Prior to selecting a payment processor, you should carefully examine the contract, since each bank and payment processing platform is unique and has unique restrictions for merchants they identify as high risk.
Choosing the Most Reliable High-Risk Processing
A processor who provides you a merchant account may not be experienced in high-risk merchant services. Many providers will offer a high-risk merchant account solely because they want your business, but they are untrained in dealing with the demands of high-risk firms. In fact, their credit policies may not even support your sector or SIC code, resulting in a quick decline. Furthermore, these high-risk merchant accounts are frequently not subjected to due diligence or adequate underwriting, leaving you as the merchant more susceptible than you would be in the hands of a merchant service provider specialising in high-risk services.
It is critical to ensure that your supplier is not only capable of issuing a high-risk merchant account, but is also appropriately qualified to support one. Paypound leverages our extensive expertise and banking contacts to make high-risk payment processing as simple as possible.
Instant Approval for High-Risk Merchant Accounts
If you believe that instant approval for a high-risk merchant account is too good to be true, you are correct. Predatory suppliers frequently entice consumers with the promise of instant approval just to trap them into lengthy contracts and demand high processing costs. Worse, if a provider enables you to begin processing early just to have your application rejected by the back-end processor or bank, your merchant account will be cancelled. If your merchant account is cancelled, you may be included to the MATCH list, which is a database of firms that have had their merchant account terminated. As firms on the MATCH list are considered highly high risk, they have fewer choices for obtaining a merchant account.

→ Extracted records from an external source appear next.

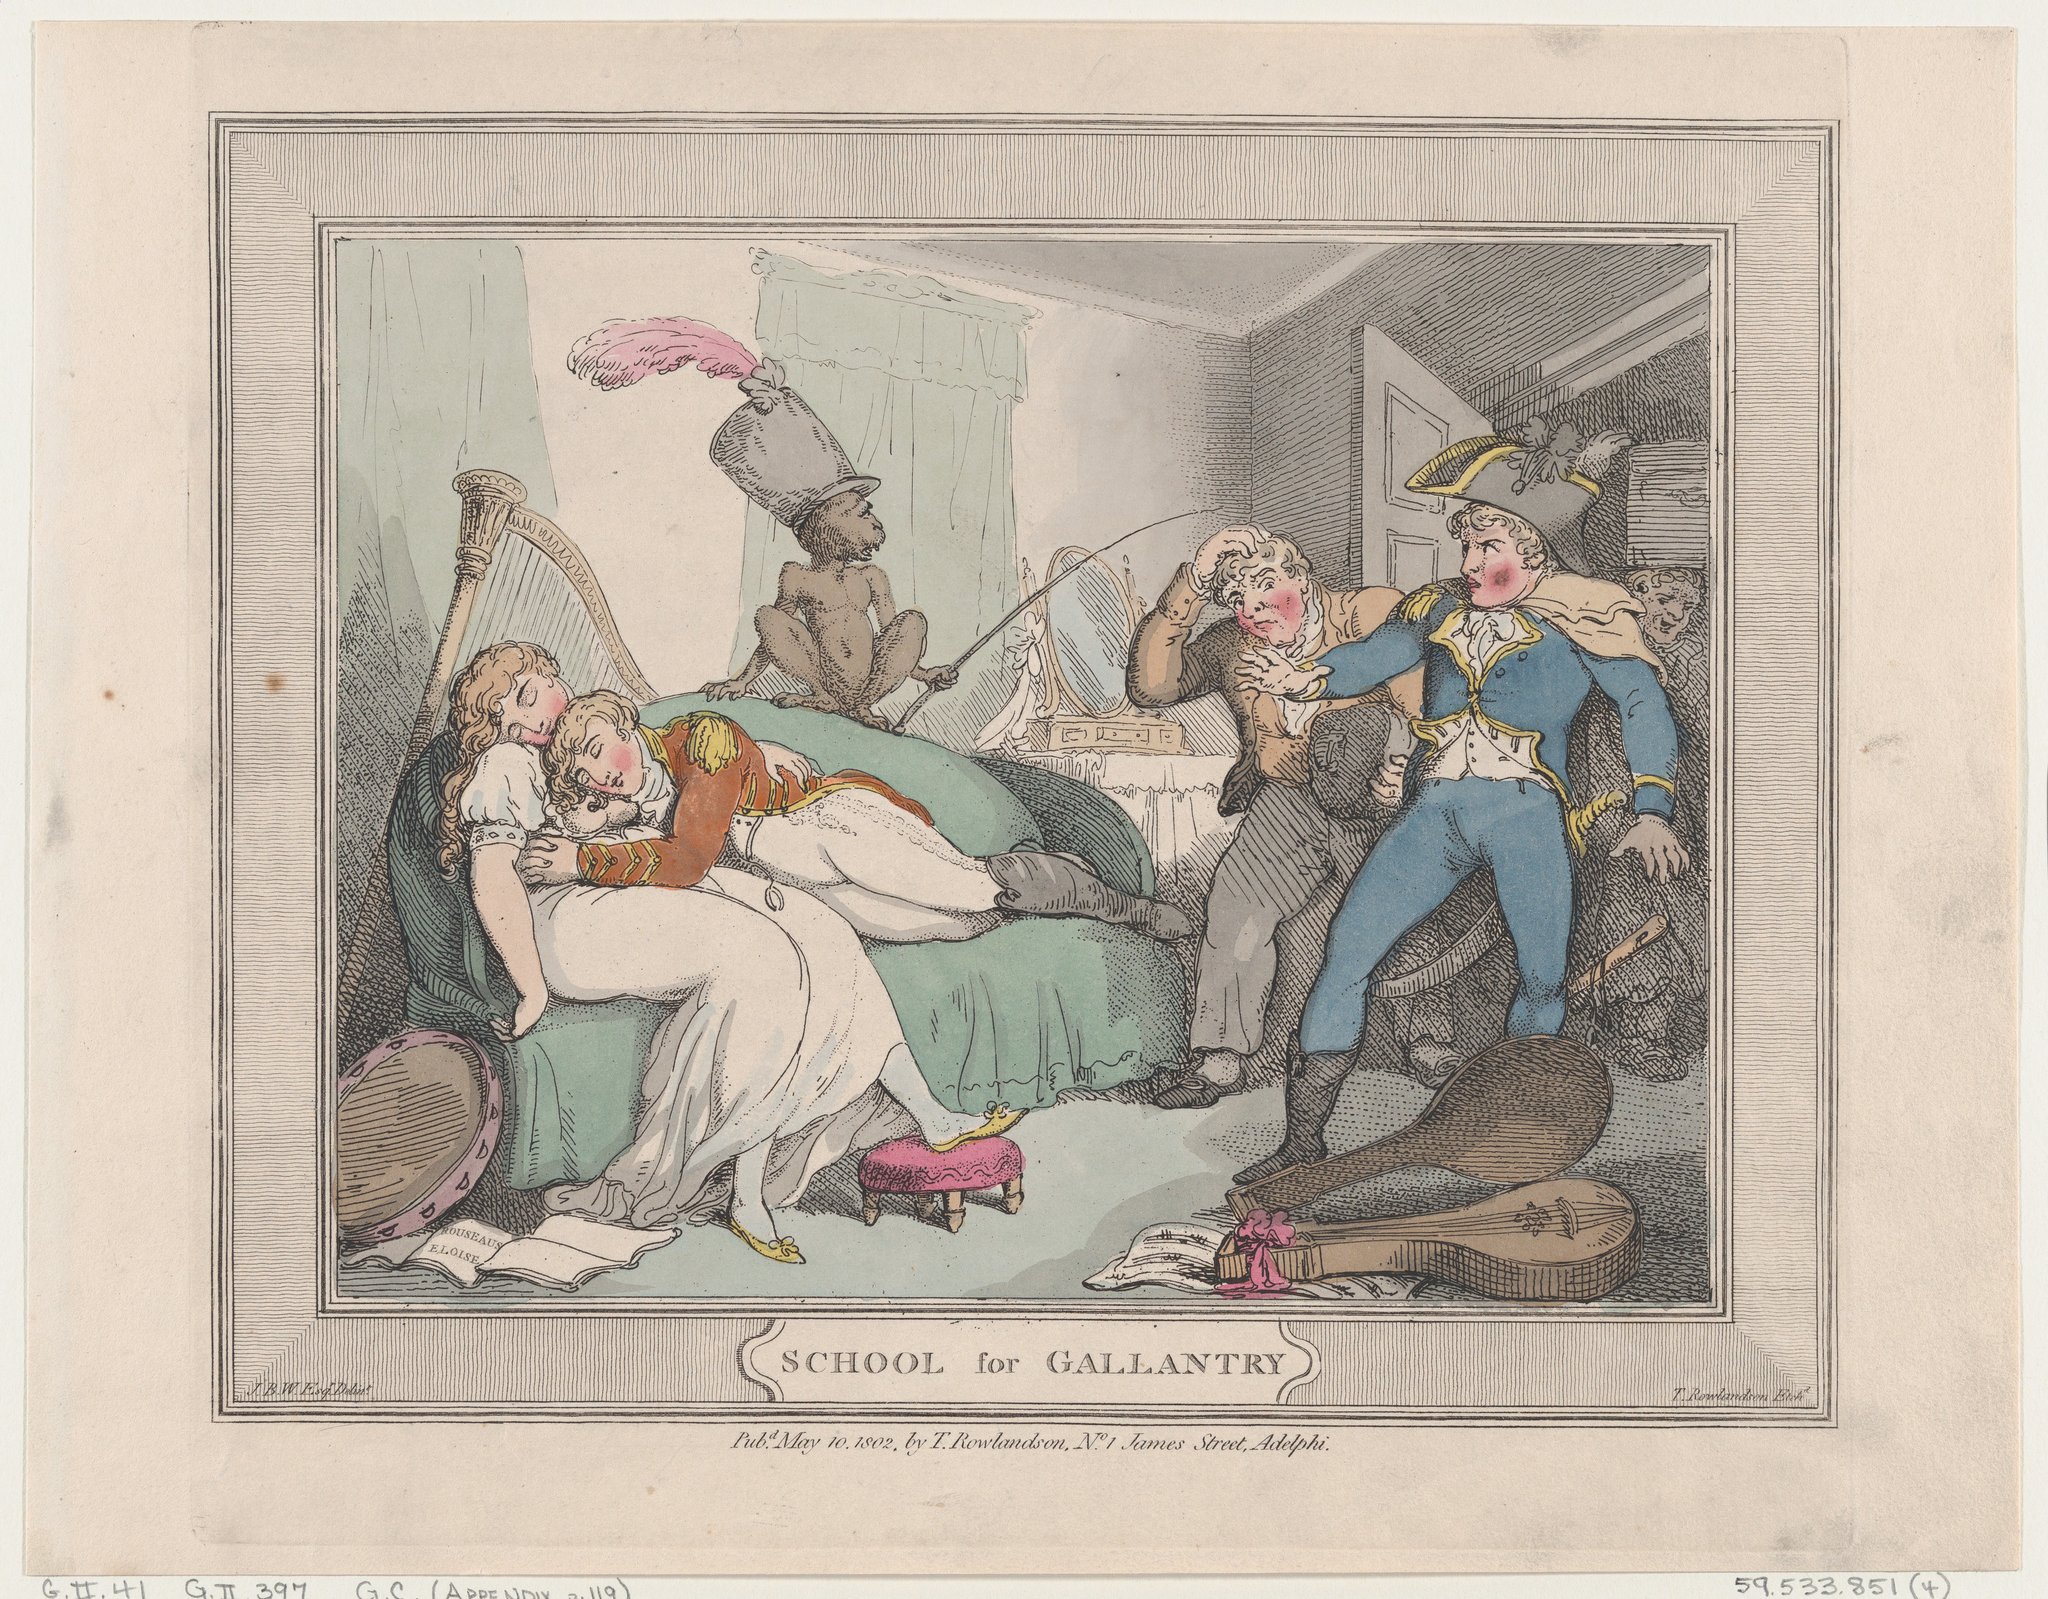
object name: print
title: School for Gallantry
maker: thomas rowlandson
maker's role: artist
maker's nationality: british
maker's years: 1757-1827
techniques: etching
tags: satire,men,women

Our clients avoid these unwanted circumstances with our aid. We link customers with suppliers who rigorously vet high-risk merchant accounts before authorising them to begin accepting payments. And, while approval is not guaranteed immediately, we help our customers throughout the application procedure to accelerate the process.
Government-issued photo identification
Three months of business bank statements
Three months of processing statements (if applicable)
Articles of incorporation (if applicable)
A voided company check
Underwriting guidelines and rules
Producing this documentation can be invasive, but it helps with the process of getting a high-risk merchant account. While it may make you feel a little uncomfortable giving someone else access to this information about your business’s financial health, it’s best to be completely honest with them. Honesty starts your business relationship with your account provider off on the right foot, and it also speeds up the approval process.
It’s also important to keep in mind that the processor is taking on a lot of risk by putting a guarantee on each deal.
How long does it take to set up a high-risk merchant account?
A high-risk merchant account may be approved in as quickly as 48 hours. Typically, high-risk merchant accounts are approved within one to five business days. The faster you provide the necessary documents, the faster the turnaround on approval.